+++ PROVIDED ENTRIES

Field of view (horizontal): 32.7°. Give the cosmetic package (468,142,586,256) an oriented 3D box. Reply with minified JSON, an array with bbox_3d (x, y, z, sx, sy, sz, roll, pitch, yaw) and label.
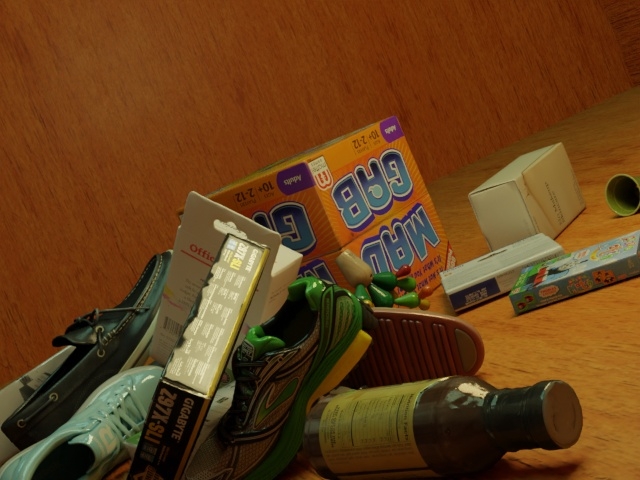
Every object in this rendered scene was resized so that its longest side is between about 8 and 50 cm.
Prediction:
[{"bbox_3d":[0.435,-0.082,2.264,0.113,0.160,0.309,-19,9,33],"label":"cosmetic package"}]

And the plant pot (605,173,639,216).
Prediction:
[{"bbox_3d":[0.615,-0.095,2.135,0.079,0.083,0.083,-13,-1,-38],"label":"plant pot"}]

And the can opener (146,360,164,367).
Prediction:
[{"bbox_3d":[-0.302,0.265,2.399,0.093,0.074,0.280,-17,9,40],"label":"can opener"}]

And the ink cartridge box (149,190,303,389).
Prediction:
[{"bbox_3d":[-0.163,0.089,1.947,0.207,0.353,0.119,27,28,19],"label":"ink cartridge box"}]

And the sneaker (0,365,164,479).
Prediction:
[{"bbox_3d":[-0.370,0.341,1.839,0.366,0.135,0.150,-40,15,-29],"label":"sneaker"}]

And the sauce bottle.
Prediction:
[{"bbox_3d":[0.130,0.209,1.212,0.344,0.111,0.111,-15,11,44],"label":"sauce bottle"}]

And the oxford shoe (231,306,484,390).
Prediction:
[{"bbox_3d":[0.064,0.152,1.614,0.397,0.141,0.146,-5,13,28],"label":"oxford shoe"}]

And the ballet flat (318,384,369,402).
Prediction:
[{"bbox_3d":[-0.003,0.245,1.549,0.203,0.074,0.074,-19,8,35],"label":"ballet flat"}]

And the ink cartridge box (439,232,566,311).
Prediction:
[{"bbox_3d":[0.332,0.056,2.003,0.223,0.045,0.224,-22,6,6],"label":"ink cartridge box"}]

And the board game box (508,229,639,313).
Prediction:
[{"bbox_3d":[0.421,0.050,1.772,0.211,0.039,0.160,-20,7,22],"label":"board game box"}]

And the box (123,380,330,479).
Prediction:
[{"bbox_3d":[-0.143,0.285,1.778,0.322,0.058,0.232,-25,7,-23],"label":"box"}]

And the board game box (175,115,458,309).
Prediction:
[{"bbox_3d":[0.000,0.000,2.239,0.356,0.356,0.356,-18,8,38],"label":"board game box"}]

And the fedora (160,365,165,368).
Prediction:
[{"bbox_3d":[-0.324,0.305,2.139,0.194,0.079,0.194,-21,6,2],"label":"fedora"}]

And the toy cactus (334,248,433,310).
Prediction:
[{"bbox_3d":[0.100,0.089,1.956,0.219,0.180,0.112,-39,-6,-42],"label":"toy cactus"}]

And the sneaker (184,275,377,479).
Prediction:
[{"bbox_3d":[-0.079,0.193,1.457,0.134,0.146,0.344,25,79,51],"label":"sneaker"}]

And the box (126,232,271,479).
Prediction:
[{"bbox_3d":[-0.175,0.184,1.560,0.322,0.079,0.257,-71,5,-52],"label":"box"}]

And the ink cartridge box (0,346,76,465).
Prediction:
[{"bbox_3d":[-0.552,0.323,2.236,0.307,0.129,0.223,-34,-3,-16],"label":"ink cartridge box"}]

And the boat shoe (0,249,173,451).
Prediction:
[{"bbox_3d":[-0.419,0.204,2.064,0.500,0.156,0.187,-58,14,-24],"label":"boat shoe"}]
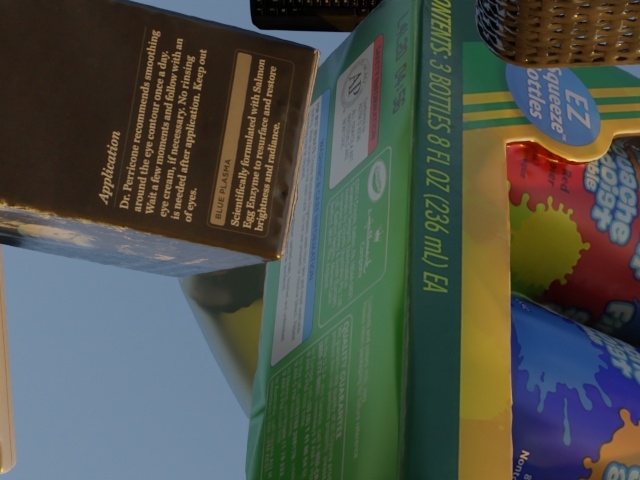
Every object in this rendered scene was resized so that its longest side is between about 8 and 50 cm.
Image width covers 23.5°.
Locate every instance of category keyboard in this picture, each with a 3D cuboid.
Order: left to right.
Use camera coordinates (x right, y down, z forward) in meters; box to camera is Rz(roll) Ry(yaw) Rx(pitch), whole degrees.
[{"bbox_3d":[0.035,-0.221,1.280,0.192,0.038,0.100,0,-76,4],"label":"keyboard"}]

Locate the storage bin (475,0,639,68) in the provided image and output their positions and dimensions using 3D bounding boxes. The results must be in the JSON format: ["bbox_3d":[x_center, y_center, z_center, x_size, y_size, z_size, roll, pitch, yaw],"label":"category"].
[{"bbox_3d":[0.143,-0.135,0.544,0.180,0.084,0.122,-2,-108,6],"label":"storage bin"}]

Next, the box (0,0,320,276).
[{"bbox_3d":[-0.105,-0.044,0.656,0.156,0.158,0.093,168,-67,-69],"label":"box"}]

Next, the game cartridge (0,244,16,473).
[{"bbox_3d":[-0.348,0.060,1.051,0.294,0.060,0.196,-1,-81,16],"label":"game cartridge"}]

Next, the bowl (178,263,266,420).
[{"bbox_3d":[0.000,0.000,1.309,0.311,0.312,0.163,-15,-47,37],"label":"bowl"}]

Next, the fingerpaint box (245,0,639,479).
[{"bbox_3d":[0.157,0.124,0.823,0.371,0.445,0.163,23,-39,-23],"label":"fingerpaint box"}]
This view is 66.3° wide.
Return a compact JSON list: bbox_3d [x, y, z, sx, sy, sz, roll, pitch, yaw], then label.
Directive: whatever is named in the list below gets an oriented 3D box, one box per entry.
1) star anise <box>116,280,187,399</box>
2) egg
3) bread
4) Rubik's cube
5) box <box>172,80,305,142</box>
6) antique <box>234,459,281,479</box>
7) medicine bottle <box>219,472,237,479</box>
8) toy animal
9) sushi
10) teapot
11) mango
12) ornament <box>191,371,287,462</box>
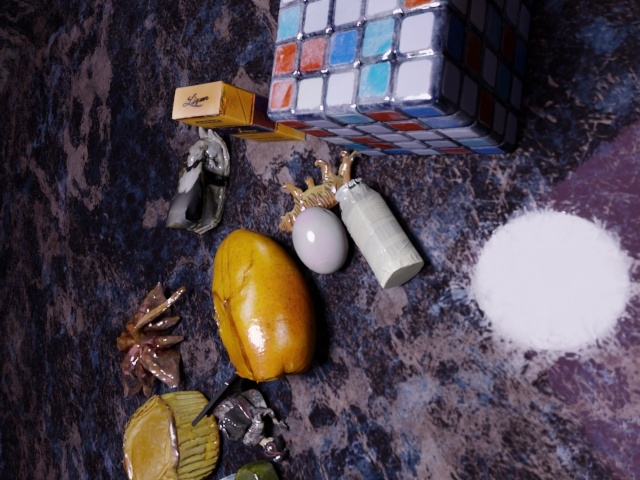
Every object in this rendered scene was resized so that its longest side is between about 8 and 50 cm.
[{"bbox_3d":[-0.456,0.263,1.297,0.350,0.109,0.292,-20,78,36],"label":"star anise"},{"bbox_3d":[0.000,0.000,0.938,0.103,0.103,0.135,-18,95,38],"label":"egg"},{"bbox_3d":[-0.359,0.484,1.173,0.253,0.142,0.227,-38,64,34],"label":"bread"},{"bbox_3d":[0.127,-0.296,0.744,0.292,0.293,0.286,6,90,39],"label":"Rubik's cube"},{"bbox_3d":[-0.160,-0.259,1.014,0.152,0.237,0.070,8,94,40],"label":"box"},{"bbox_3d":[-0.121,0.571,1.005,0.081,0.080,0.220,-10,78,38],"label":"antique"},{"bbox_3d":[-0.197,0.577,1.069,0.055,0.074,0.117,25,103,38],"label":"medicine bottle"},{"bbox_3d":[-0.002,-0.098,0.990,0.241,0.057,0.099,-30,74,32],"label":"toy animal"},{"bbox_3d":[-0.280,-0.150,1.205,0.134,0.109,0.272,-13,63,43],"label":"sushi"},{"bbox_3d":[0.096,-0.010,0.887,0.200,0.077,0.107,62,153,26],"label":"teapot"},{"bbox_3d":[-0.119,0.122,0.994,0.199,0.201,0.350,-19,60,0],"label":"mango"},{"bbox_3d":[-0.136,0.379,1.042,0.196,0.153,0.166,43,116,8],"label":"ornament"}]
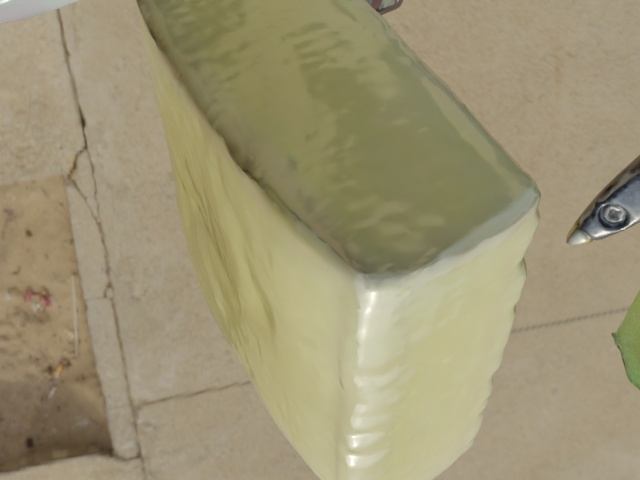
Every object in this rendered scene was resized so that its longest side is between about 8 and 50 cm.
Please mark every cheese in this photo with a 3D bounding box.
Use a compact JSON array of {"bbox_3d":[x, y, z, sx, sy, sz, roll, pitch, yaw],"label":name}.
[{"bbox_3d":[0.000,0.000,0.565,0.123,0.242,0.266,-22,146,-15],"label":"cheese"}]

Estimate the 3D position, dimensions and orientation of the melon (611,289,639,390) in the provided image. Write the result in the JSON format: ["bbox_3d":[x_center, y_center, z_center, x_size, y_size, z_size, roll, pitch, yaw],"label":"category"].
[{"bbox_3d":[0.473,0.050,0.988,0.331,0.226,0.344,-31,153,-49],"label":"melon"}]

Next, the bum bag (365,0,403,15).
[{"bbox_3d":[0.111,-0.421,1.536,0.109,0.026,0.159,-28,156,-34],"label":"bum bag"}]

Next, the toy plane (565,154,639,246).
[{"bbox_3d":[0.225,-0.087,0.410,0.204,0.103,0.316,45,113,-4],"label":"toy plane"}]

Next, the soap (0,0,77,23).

++++++

WORK ITEM: Please go through the data above and copy every line that has the word "list".

RESULT:
Return a compact JSON list: bbox_3d [x, y, z, sx, sy, sz, roll, pitch, yaw], then label.
Directive: whatever is named in the list below gets an oriented 3D box, one box per entry.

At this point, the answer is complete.